A statistical method exists, known as the Proportional Reporting Ratio, to pick up above-normal rates of illness after vaccination. In the CDC’s “Standard Operating Procedures” for COVID-19 vaccine oversight was this commitment in January 2021: “The CDC will perform PRR data mining on a weekly basis or as needed.”

But in response to a Freedom of Information Act request, the agency wrote on June 16, “no PRRs were conducted. Furthermore, data mining is outside the CDC’s purview.”

Perhaps it is true, as CDC analysts wrote in a Lancet article last March, “Safety monitoring of COVID-19 vaccines has been the most comprehensive in US history.” The question is: What is the CDC doing with the data? In the first six months of the vaccine rollout, the CDC article said, there were 4,496 deaths and 22,527 serious injuries.

But the study did not try to resolve the essential cause-and-effect question, nor did it say, in an article that used the word safety twenty-three times, that the data showed the vaccines are safe.

Instead, it concluded with the vague assertion that “most reported adverse events were mild and short in duration.” The term “most” was derived by dividing the number of injuries by the number of vaccinations.

The analysis is based on a false premise, however. We know the number of vaccinations. We do not know the full number of injuries. Beyond this, while most harms may be minor, how many deaths and permanent injuries are acceptable?

“After fifty deaths the products should have been pulled off the market,” Dr. McCullough told me in response to the CDC data review. “The large numbers of deaths reported in this study” — more than 4,000 then and 29,000 now — “are just the tip of the iceberg.” What other issues need exploration?

Consider this a primer on some issues surrounding childhood vaccination. More broadly, evidence points to other serious problems related to repeated, and unsustainable, mRNA vaccinations: Does mass vaccination help spur new variants in a pathogen trying desperately to survive?

Does the mRNA vaccination regimen turn the human immune system on itself, causing autoimmunity? Does it stunt the developing immune system of children, for which exposure to pathogens, COVID-19 included, is a learning experience that lasts a lifetime? Is it actually prolonging the pandemic?

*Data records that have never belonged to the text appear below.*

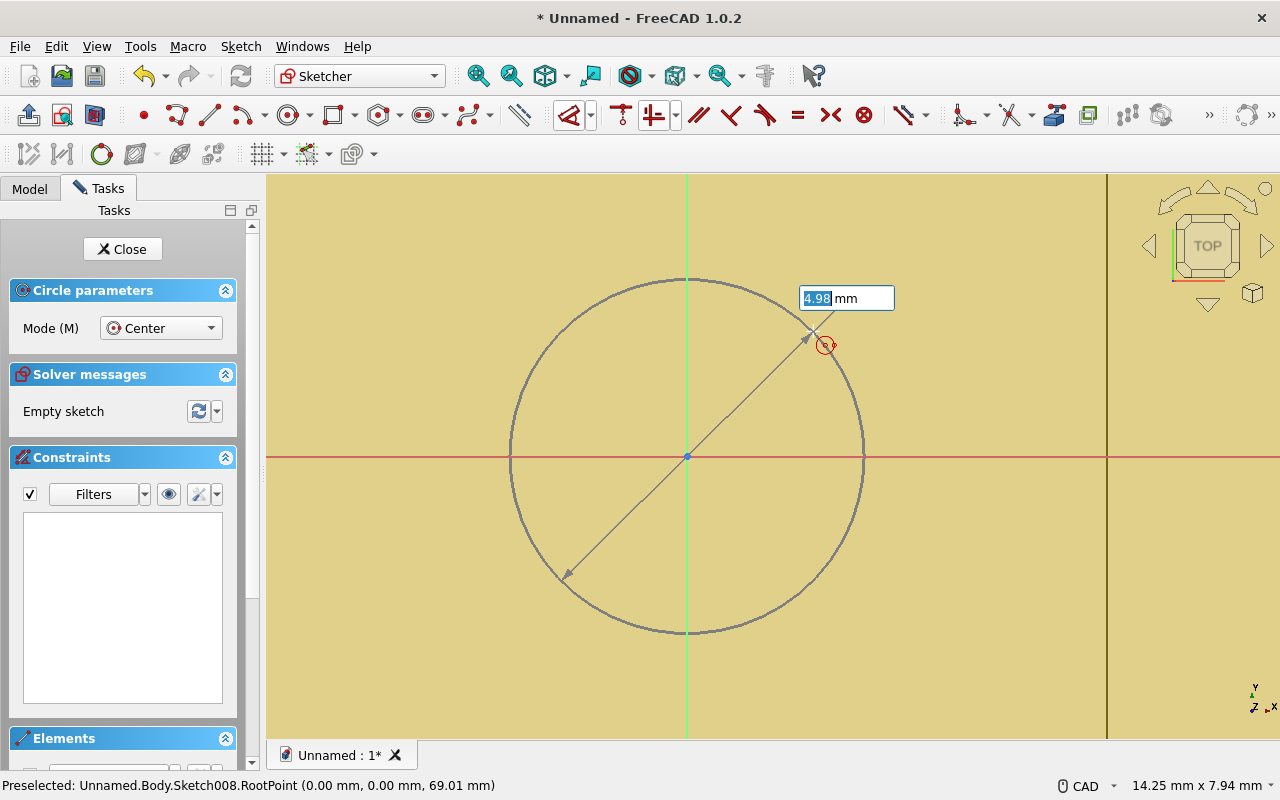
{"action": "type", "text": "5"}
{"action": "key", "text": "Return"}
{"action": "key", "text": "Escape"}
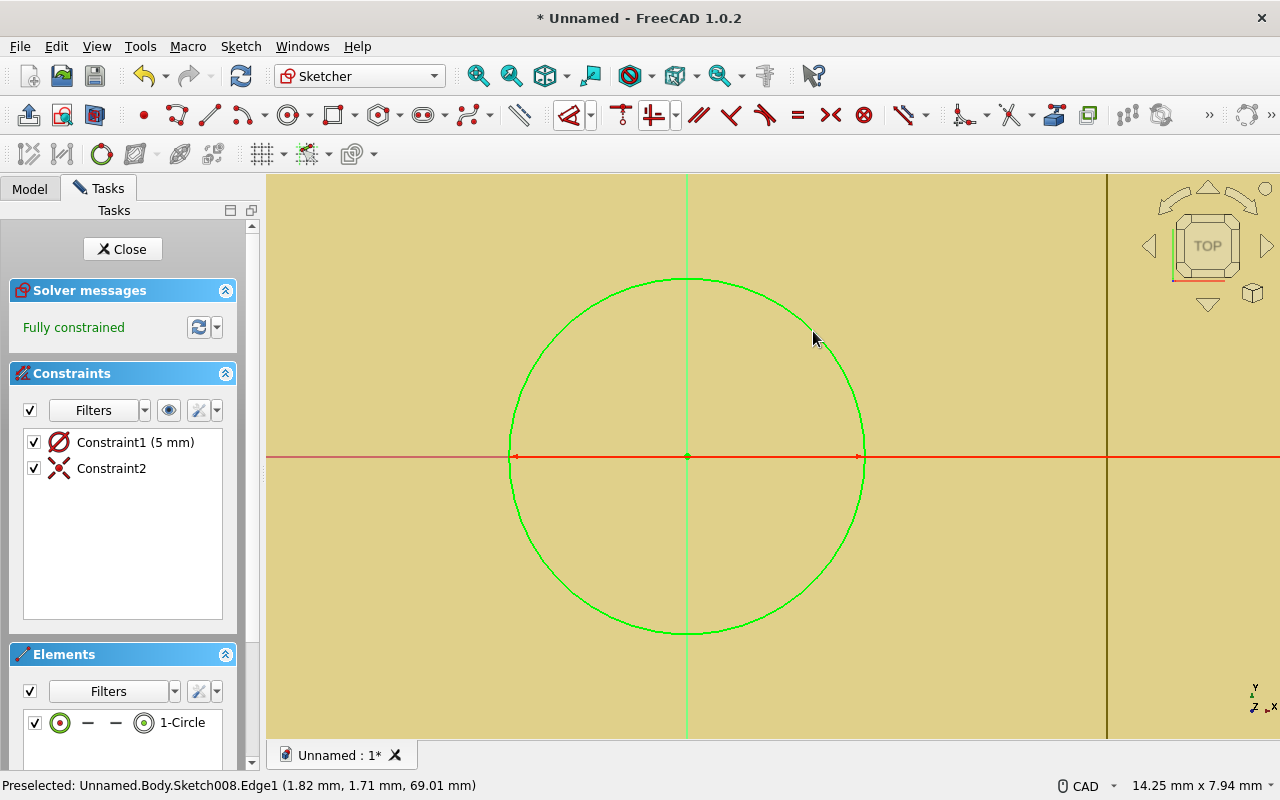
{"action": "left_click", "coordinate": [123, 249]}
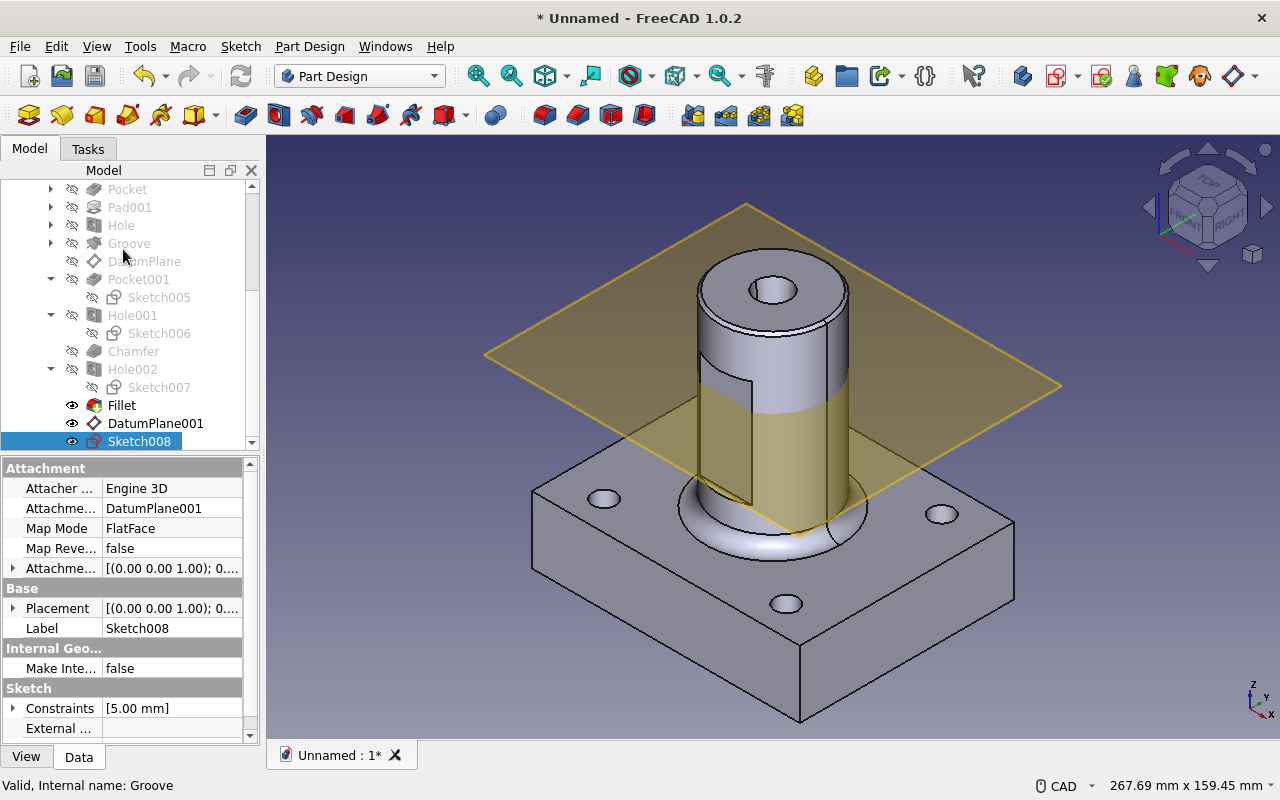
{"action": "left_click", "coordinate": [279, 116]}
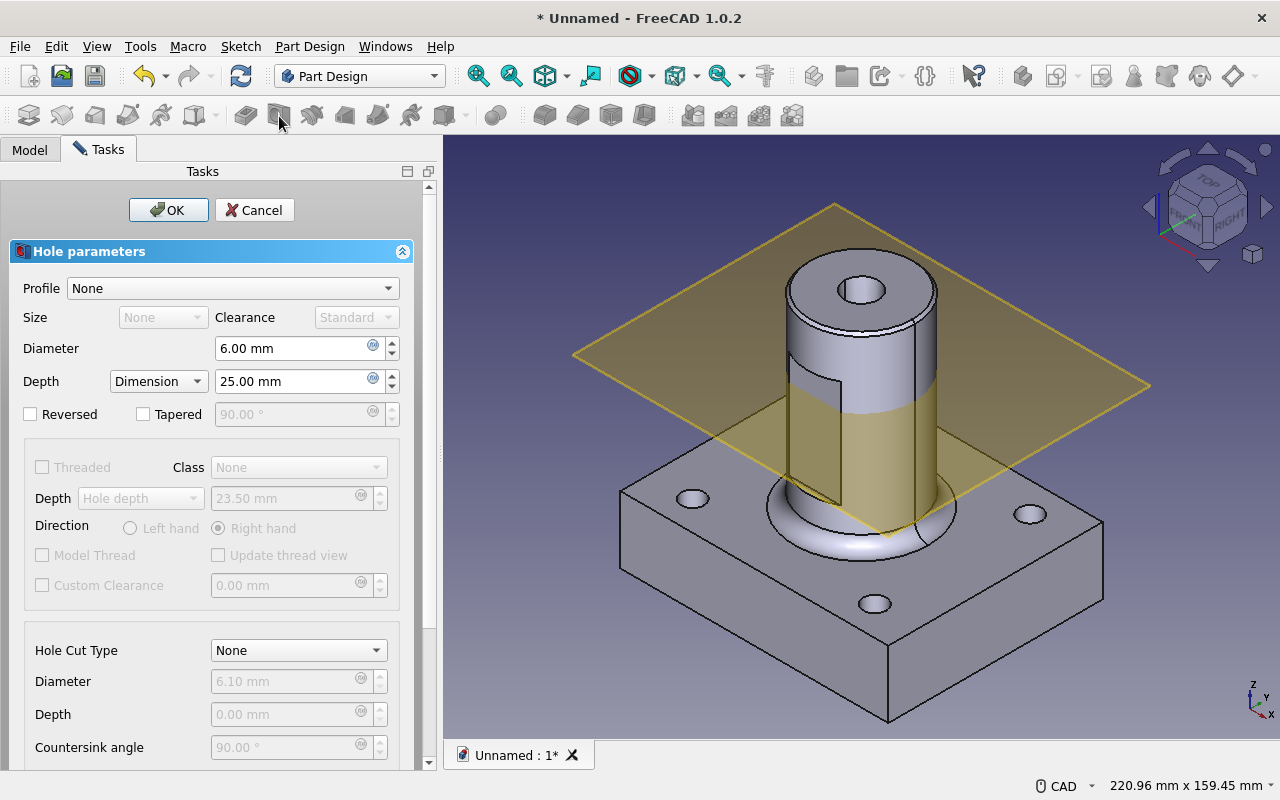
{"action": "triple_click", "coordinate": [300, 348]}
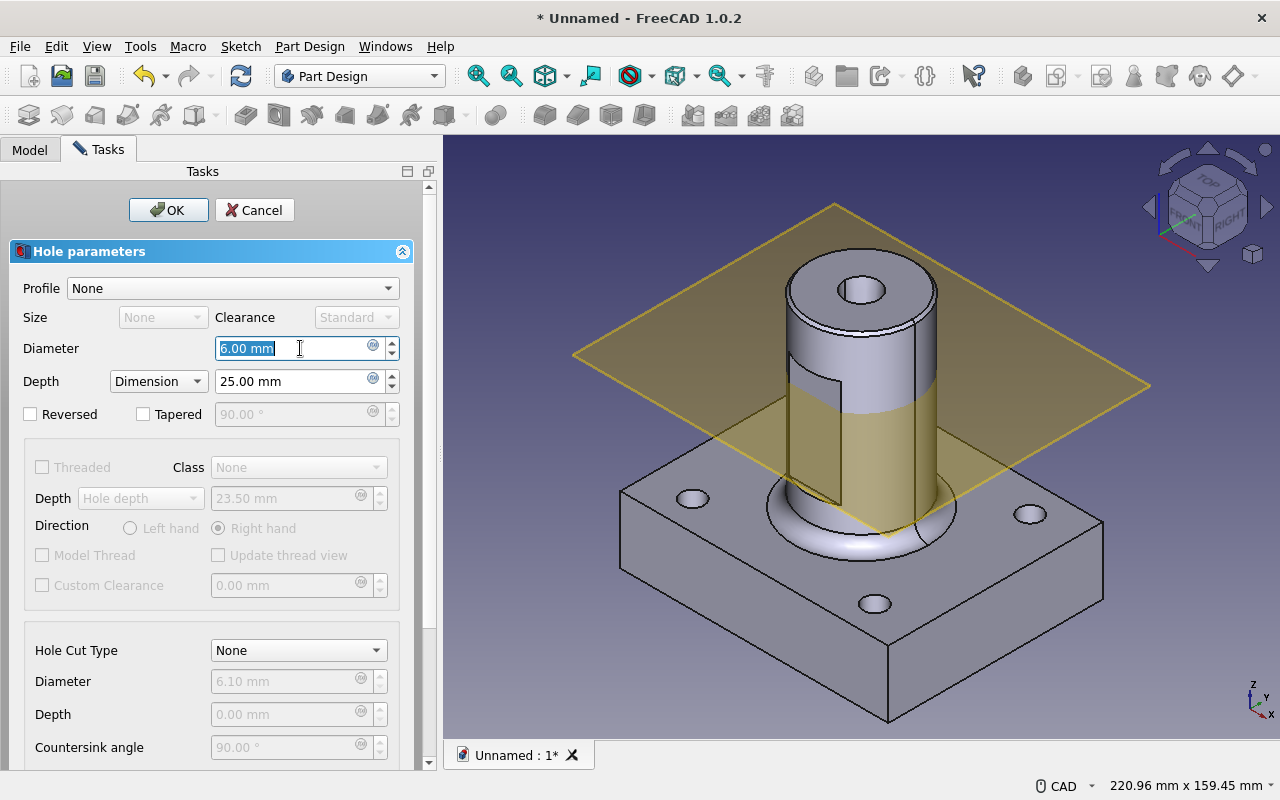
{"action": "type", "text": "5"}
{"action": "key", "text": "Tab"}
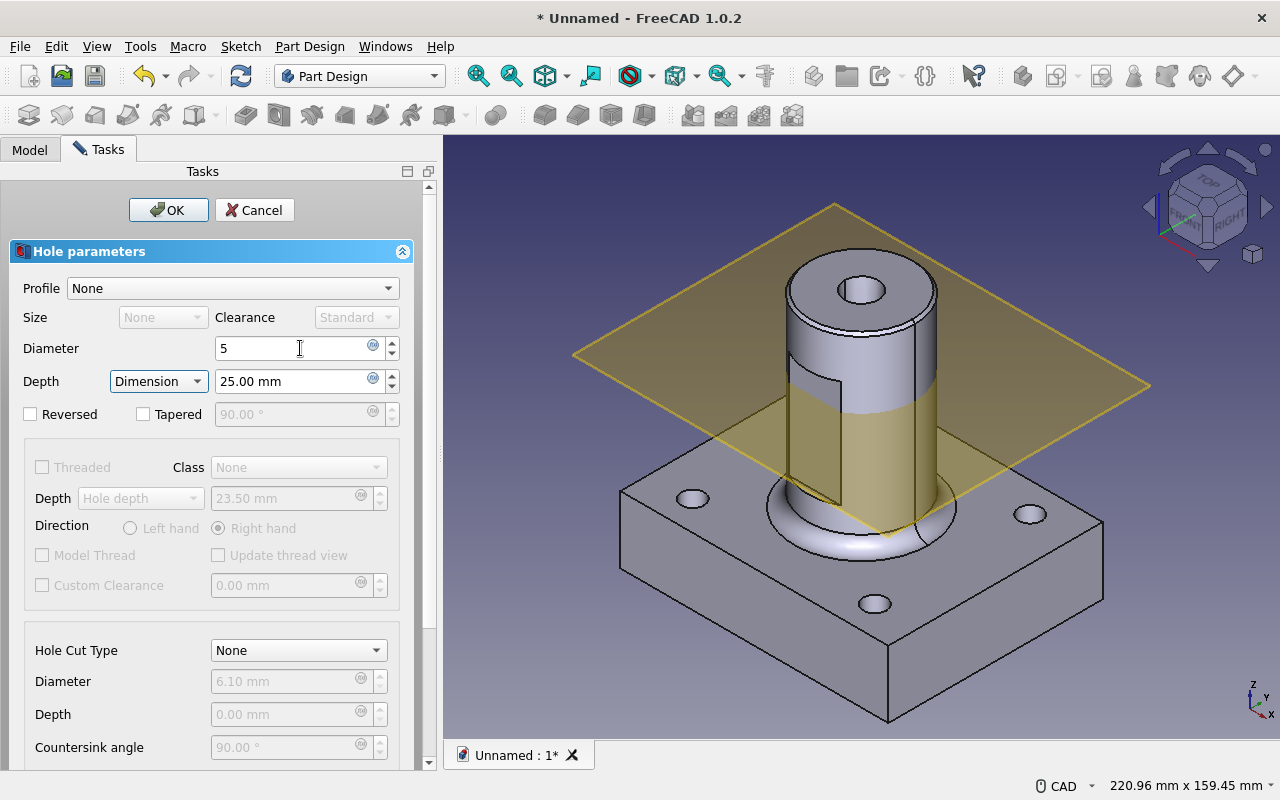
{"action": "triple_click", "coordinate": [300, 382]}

Those are issues for another article. For this research, I read OpenVaers.com filings on child vaccine deaths. Here is a selection:

  • A Georgia boy, 16, who suffered “headache and gastric upset over 2 days following second dose. Then felt fine. Found the following day dead in bed.”
  • A Texas girl, 8, who suffered multi-system inflammatory disease seventy days post-vaccination, with carditis in her heart and inflammation in the intestines, lungs, skin and liver. Her belly distended and lungs filled with fluid, and she went to ICU. “Her heart stopped beating right there.”
  • A Wisconsin girl, 16, suffered heart failure and pulmonary embolism nine days after her second dose; she died two days later, with an oral contraceptive possibly contributing.
  • A Colorado boy, 15, died of heart failure one day after his first dose.
  • A Florida boy, 1 year old, suffered “increased body temperature, seizure, death” two days after his first dose.
  • An Iowa girl, 5, who had an unspecified “complex” medical history, stayed overnight in a hospital as a precaution after the first dose. Two days later, “she was found pulseless and not breathing” at home.

Deaths like this are seldom reported in the popular press, not even to explore the question of potential vaccine harm. Instead, censorship and relentless pro-vaccine messaging suppress necessary information.

That’s why I write this article. It may be tagged “misinformation.” It will keep me firmly among the banished of mainstream journalism.

After reading the studies cited here and many more beyond, I’m fine with that.

Think long, weigh the evidence and seek out good information.